Search code examples
databaseindexingshardingarangodb

Adding dynamically a sharding key in ArangoDB


I'm installing a clustered db with ArangoDB. I need use indexes in collections.

We suppose that we have one collection named myCollection that was created with the shard keys _key.

Let myVariable be the unique key of myCollection so I have a unique constraint on myVariable.

By myCollection is created, and data are inside.

I don't want erase all, create myCollection again and add a new shard key with myVariable and restore myCollection, so I need to add a new shard key dinamically meanwhile that myCollection is already created.

Is this possible? Can I add, somehow, new shard key?

I mean, add key in _shardBy label without recreate collection.

Thanks for help.


Solution

  • No, changing the shard key after creation is not supported. If you take a look at the consequences this would have, its easily understandeable why:

    The shard key identifies to the coordinator which documents should end on which cluster node. Vice versa it can therefore predict where to search for documents based on the shard key. This assumption would fail if you change that condition to an arbirtary new one. Therefore documents not matching the condition would have to be moved to the correct new shard.

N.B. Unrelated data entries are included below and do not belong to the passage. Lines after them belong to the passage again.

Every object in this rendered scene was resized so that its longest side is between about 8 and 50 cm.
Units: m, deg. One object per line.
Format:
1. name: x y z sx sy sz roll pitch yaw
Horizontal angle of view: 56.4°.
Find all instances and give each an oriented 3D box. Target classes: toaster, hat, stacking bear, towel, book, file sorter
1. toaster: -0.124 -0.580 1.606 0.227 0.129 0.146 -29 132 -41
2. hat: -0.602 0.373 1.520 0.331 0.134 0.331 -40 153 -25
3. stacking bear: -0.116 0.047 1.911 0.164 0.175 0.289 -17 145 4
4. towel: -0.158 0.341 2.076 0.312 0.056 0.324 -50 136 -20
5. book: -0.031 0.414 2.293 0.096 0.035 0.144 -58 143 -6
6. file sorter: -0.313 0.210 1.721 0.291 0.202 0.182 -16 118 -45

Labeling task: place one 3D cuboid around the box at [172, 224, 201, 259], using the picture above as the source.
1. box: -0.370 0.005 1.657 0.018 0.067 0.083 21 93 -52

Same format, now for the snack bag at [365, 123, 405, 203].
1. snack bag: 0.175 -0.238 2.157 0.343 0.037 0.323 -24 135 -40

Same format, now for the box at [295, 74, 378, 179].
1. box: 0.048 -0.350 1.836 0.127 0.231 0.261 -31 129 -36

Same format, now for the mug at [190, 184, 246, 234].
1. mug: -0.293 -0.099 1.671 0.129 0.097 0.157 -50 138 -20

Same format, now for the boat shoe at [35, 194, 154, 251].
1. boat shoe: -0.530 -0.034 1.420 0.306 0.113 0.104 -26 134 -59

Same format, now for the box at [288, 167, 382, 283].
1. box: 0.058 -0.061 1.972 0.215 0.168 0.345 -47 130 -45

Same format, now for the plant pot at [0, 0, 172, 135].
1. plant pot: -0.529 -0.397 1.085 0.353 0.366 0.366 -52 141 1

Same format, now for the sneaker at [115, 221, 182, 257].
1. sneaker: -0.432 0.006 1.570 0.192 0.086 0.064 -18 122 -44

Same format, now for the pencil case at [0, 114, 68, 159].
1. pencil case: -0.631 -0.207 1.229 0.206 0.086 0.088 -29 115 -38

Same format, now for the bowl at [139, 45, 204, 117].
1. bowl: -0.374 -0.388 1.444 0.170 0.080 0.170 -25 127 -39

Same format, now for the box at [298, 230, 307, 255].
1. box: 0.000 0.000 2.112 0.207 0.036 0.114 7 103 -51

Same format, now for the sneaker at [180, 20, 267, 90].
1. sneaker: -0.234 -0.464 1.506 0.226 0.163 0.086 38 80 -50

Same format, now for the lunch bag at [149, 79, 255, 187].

    As you see, you need to work with all documents anyways. So if you don't want to download all data to the client, some javascript on the coordinator like a Foxx Service could fill the gap:

    • create the new collection with the proper shard key
    • fetch all _keys into memory
    • issue repetive AQL queries that select a range from the old collection and insert it into the new one.

    You may want to start an additional coordinator if you don't want to use your existing setup for this.

    Hint: An upgrade to ArangoDB 3.0 will require a dump/restore cycle anyways - so if you can postpone your problem a little you may solve it then.